Federal student loan bills resumed last month after a pause of more than three years. However, many borrowers may not be ready to dish out hundreds of dollars toward monthly payments yet.

For instance, if you're trying to keep up with the growing costs of basic necessities like groceries and insurance, adding student loan payments to your list may seem impossible.

The Biden administration has rolled out a 12-month on-ramp that may help. This grace period can protect you from the harshest penalties if you're unable to keep up with student loan payments.

Worried person staring at computer.

Image source: Getty Images.

How Biden's 12-month "on-ramp" works

The average monthly student loan payment is roughly $337 a month, which could be difficult to juggle with other commitments.

If you end up falling behind on payments, the 12-month on-ramp gives you extra time to pay your bill without going into default.

You don't need to sign up for the on-ramp, according to the U.S. Department of Education. It automatically kicks in if you don't pay.
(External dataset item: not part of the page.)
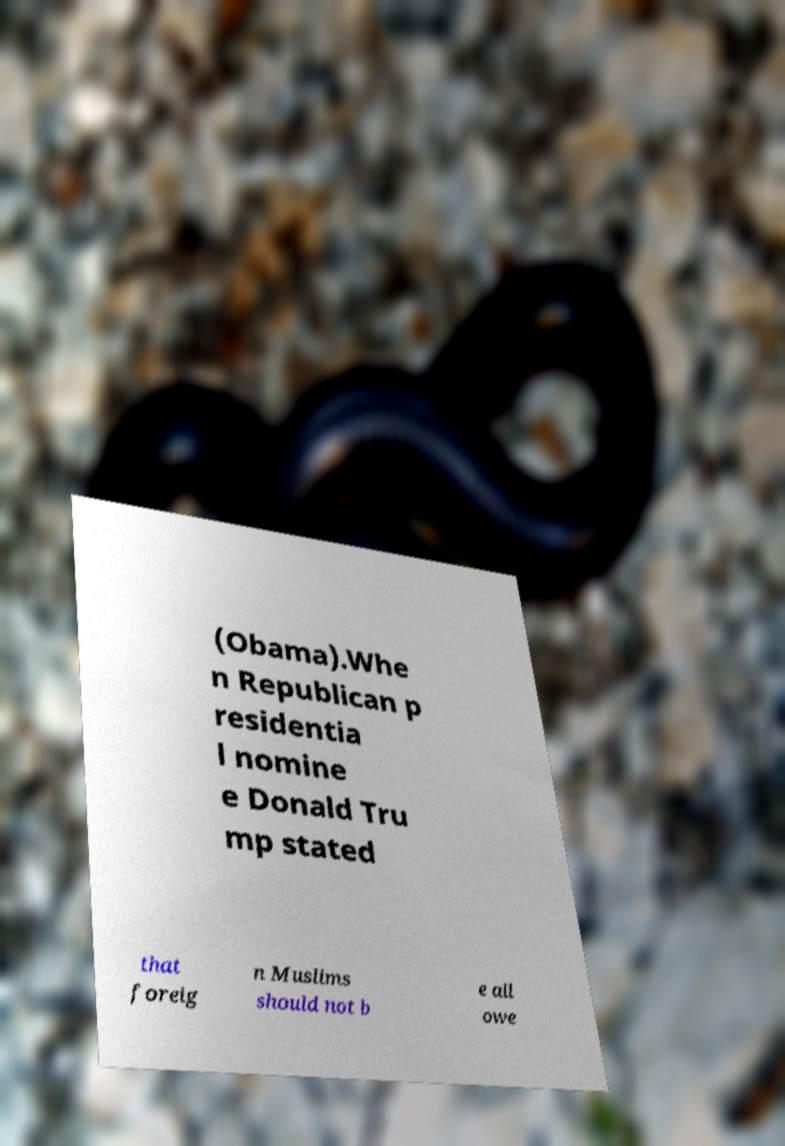Can you read and provide the text displayed in the image?This photo seems to have some interesting text. Can you extract and type it out for me? (Obama).Whe n Republican p residentia l nomine e Donald Tru mp stated that foreig n Muslims should not b e all owe

If your loans were eligible for the student loan freeze, you are eligible for this repayment grace period.

The on-ramp period started on Oct. 1, 2023, and it's slated to expire Sept. 30, 2024. During that grace period, you won't be subject to the harshest penalties if you're scrambling to come up with funds to make payments.

What you should know

It's not uncommon for the return of student loan payments to cause anxiety. Generally, if you skip payments, your loan becomes delinquent. If you are not able to make payments for 90 days or more, your loan servicer typically reports the delinquency to the national credit reporting agencies, which could negatively affect your credit score.

But this isn't the case during the on-ramp period. Here are a few things you won't have to worry about through Sept. 30, 2024:

  • Your missed payments won't be reported to the credit bureaus as delinquencies.
  • If you don't make payments when your bill is due, you won't be considered in default on your student loan debt.
  • Your credit score won't take a severe hit as a result of missed payments.
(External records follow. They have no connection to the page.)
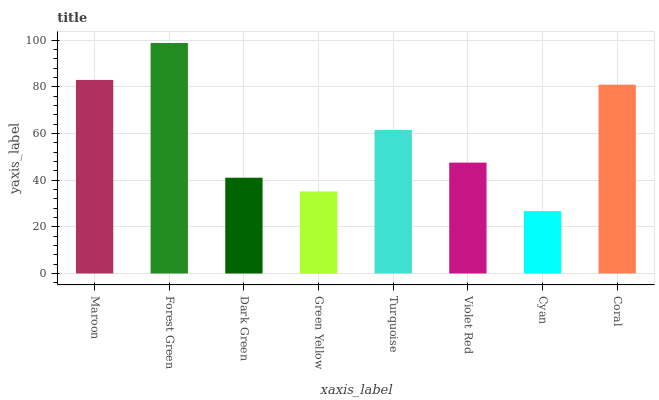Is Cyan the minimum?
Answer yes or no. Yes. Is Forest Green the maximum?
Answer yes or no. Yes. Is Dark Green the minimum?
Answer yes or no. No. Is Dark Green the maximum?
Answer yes or no. No. Is Forest Green greater than Dark Green?
Answer yes or no. Yes. Is Dark Green less than Forest Green?
Answer yes or no. Yes. Is Dark Green greater than Forest Green?
Answer yes or no. No. Is Forest Green less than Dark Green?
Answer yes or no. No. Is Turquoise the high median?
Answer yes or no. Yes. Is Violet Red the low median?
Answer yes or no. Yes. Is Violet Red the high median?
Answer yes or no. No. Is Cyan the low median?
Answer yes or no. No. 
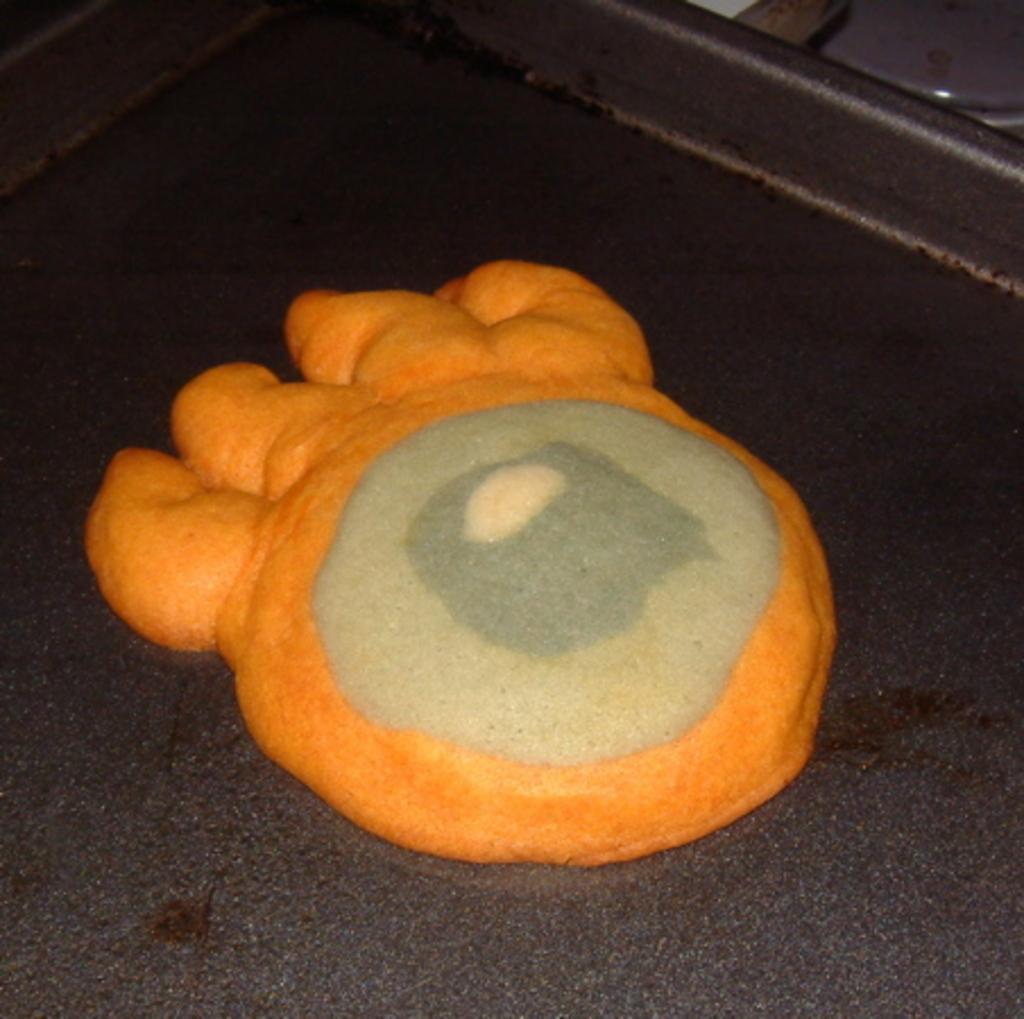In one or two sentences, can you explain what this image depicts? In the center of the image we can see one table. On the table,we can see one object,which is in orange and cream color. On the top right side of the image,we can see some object. 
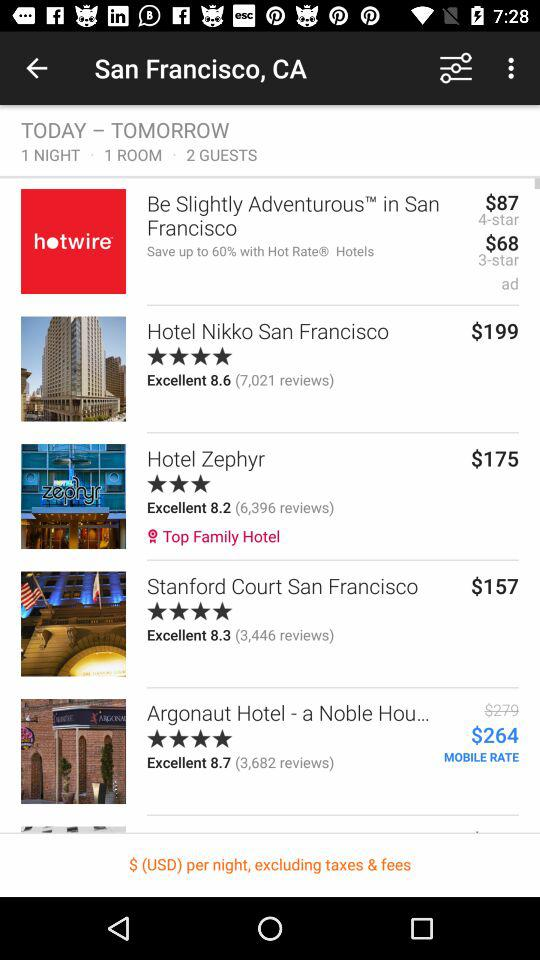What is the number of reviews for "Hotel Nikko"? The number of reviews for "Hotel Nikko" is 7,021.

Don't forget about student loan interest

It's worth noting that the on-ramp is not the same as the interest-free pandemic payment pause.

During the multiyear payment pause, interest rates on federal student loans were set to 0%. That ended when the student loan payment pause expired at the end of August.
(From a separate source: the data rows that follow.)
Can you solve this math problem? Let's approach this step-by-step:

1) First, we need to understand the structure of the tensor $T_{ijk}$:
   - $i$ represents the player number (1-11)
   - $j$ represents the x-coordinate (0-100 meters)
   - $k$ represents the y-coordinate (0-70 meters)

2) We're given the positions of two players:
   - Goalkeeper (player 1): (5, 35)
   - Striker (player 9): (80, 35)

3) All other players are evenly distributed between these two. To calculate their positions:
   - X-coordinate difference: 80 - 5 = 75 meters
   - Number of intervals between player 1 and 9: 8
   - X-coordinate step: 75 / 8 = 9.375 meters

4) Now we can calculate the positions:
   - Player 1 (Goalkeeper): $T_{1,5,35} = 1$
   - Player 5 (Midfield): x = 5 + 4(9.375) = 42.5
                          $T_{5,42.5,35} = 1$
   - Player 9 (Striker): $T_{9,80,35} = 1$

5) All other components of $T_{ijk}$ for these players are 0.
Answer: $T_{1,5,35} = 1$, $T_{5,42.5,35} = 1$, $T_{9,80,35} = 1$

Interest started accruing again on federal student loans in September. The on-ramp doesn't change that. Your interest will continue to add up on your loans during that time. Technically, your payments are still due, so interest will continue to accrue.

After the year-long on-ramp, you could be stuck with a bigger monthly payment due to interest. If you signed up for an income-driven repayment plan, though, your situation may be a little different.

Since the on-ramp period kicked off last month, you have some time to evaluate your financial situation and determine what makes sense for you. If you can afford to make student loan payments now, it could potentially save you some stress down the line. And the sooner you shed your student loan debt, the more time you can spend tackling other financial goals.